Shadow Realms was announced by BioWare Austin in 2014, an action RPG where four player-controlled heroes played against one player-controlled Shadowlord. The heroes had different classes and special abilities, while the Shadowlord could possess creatures, summon them, and drop traps to -- hey, wait a second! The team showed it off at Gamescom that year, and got a few show awards and some positive reactions. “Then EA actually just changed strategies,” Dickson said. “Anything that was in that PC, maybe free-to-play, maybe lower cost thing, kinda went away.” Shadow Realms was cancelled in February 2015; in April of that year EA closed down four other free-to-play games.
“It was round two on business decisions crushing-” Amatangelo started to say. “Not bad business decisions!” interrupted Dickinson. They weren't. The console generation turned out to be really successful, so EA quickly pivoted to that instead. “Yeah, I don’t disparage anyone,” said Amatangelo. “It made total sense.”
They genuinely don’t seem bitter, either. We love to hate on big businesses for internally crushing creativity, but big businesses gotta big business. People credit EA for destroying Dead Space and forget to credit them for creating it. No need to hate EA specifically when it is impossible for anyone to live free, ethical lives under capitalism, is what I'm saying. But at the same time, if your passion project gets shitcanned, does it feel better if you’re told it’s nothing personal?

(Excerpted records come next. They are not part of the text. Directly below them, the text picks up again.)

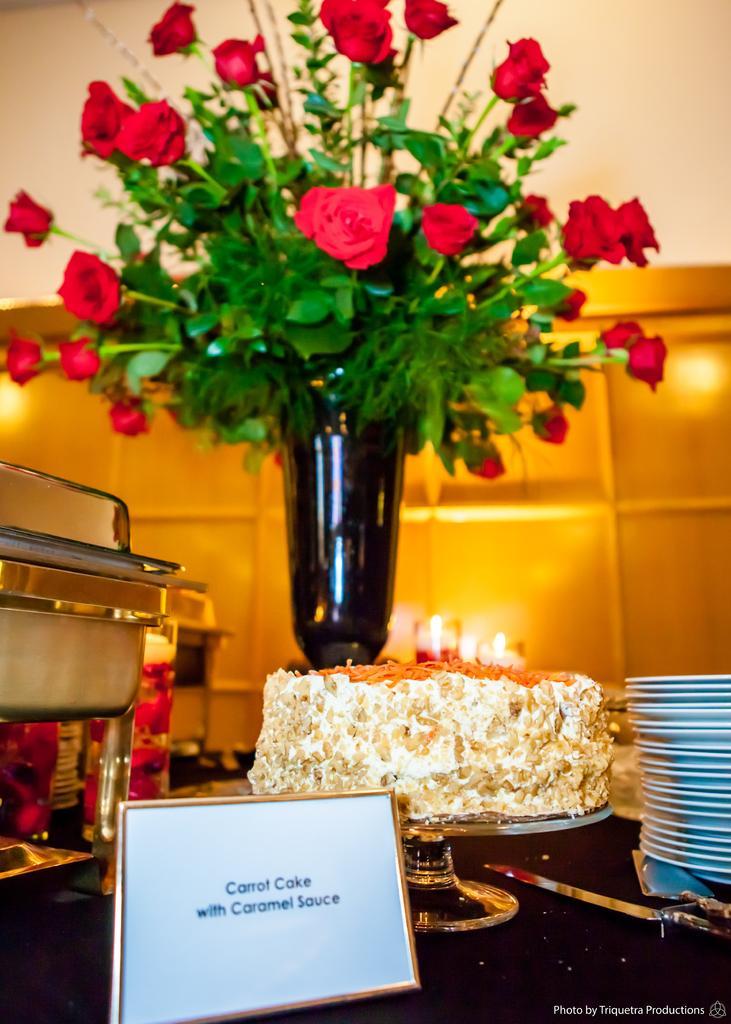In one or two sentences, can you explain what this image depicts? In the foreground of the picture there are plates, name plate, cake, flowers, flower vase, bowl, glasses, knife and various objects on the table. The background is blurred. 
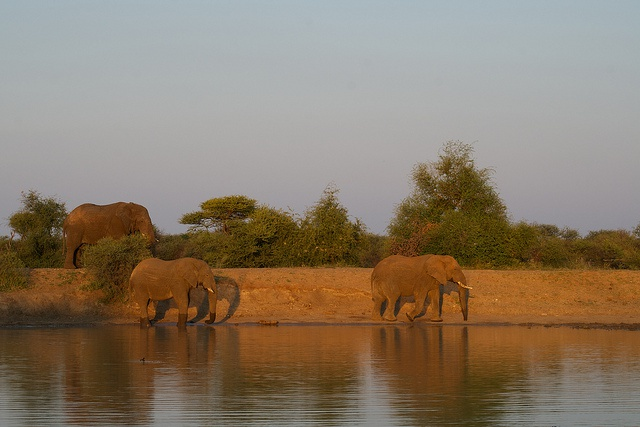Describe the objects in this image and their specific colors. I can see elephant in darkgray, maroon, brown, and black tones, elephant in darkgray, brown, maroon, and black tones, elephant in darkgray, maroon, black, and brown tones, and bird in maroon, black, gray, and darkgray tones in this image. 
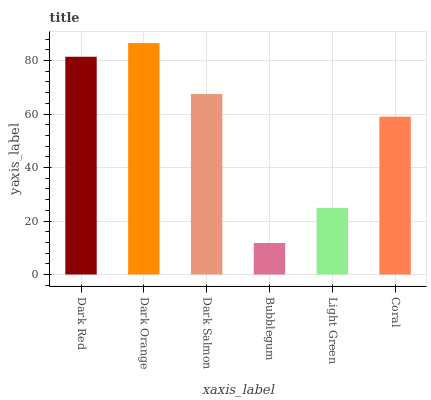Is Bubblegum the minimum?
Answer yes or no. Yes. Is Dark Orange the maximum?
Answer yes or no. Yes. Is Dark Salmon the minimum?
Answer yes or no. No. Is Dark Salmon the maximum?
Answer yes or no. No. Is Dark Orange greater than Dark Salmon?
Answer yes or no. Yes. Is Dark Salmon less than Dark Orange?
Answer yes or no. Yes. Is Dark Salmon greater than Dark Orange?
Answer yes or no. No. Is Dark Orange less than Dark Salmon?
Answer yes or no. No. Is Dark Salmon the high median?
Answer yes or no. Yes. Is Coral the low median?
Answer yes or no. Yes. Is Dark Red the high median?
Answer yes or no. No. Is Dark Orange the low median?
Answer yes or no. No. 
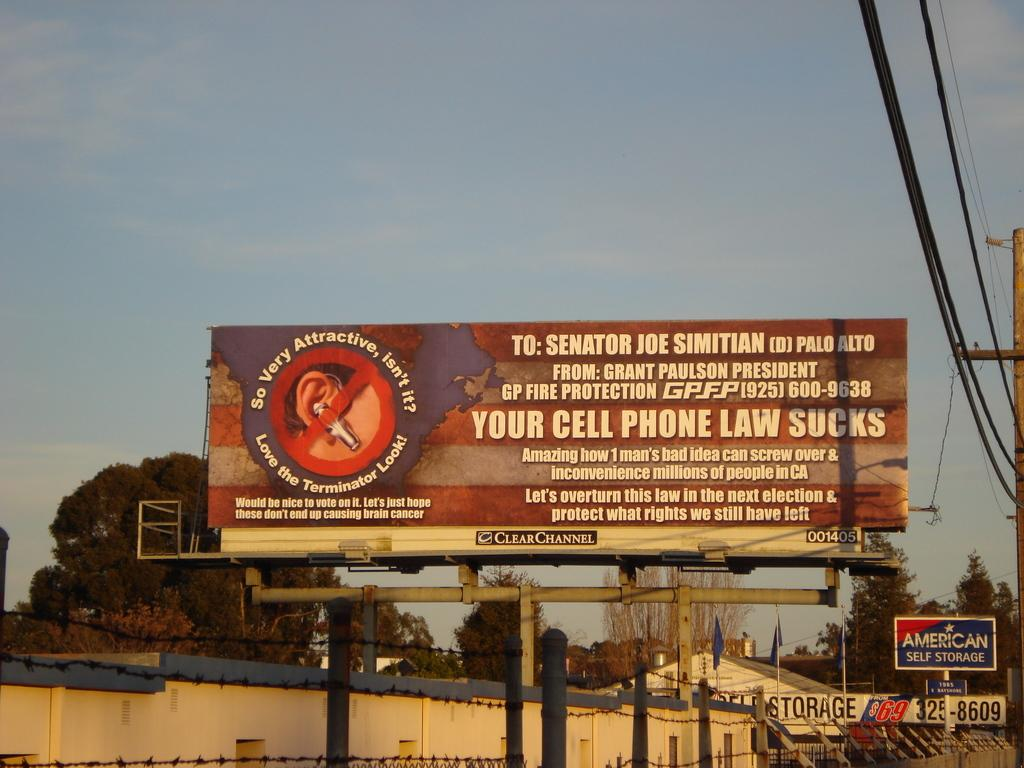<image>
Give a short and clear explanation of the subsequent image. A billboard offending Senator Joe Simitian sits above an American Storage sign

Breach does sound like a pretty hard sell for a conventional, huge studio. It’s an action RPG trying to emulate dungeons in an MMO, but also mixes in a bunch of MOBA stuff. There's a little Dragon Age in there, a little Left4Dead, perhaps. It’s free-to-play but has a payment model like League of Legends (which is what the rest of the negative Steam reviews are about; the currency and reward boosts have been tweaked a couple of times already). You create your own character and choose a class, but can swap classes and abilities around as you like. “Nobody has made a game like this, so we can't say 'Oh yeah, the expectation for a game like this is x, y, z.',” Dickinson said, candidly, admitting that they are still figuring out how exactly their roadmap will work. Amatangelo described Breach as “The Super Smash Brothers of RPGs.”
I dunno, I guess I just love an underdog story as much as the next gal. Amatangelo and Dickinson both talked so fast and passionately about this thing they’ve been trying to make for years, and they both thumped the table and laughed and got excited. The first step is just people knowing it exists. Well, the first step is for the team to fix the bugs and crashes. Second step is people knowing it exists.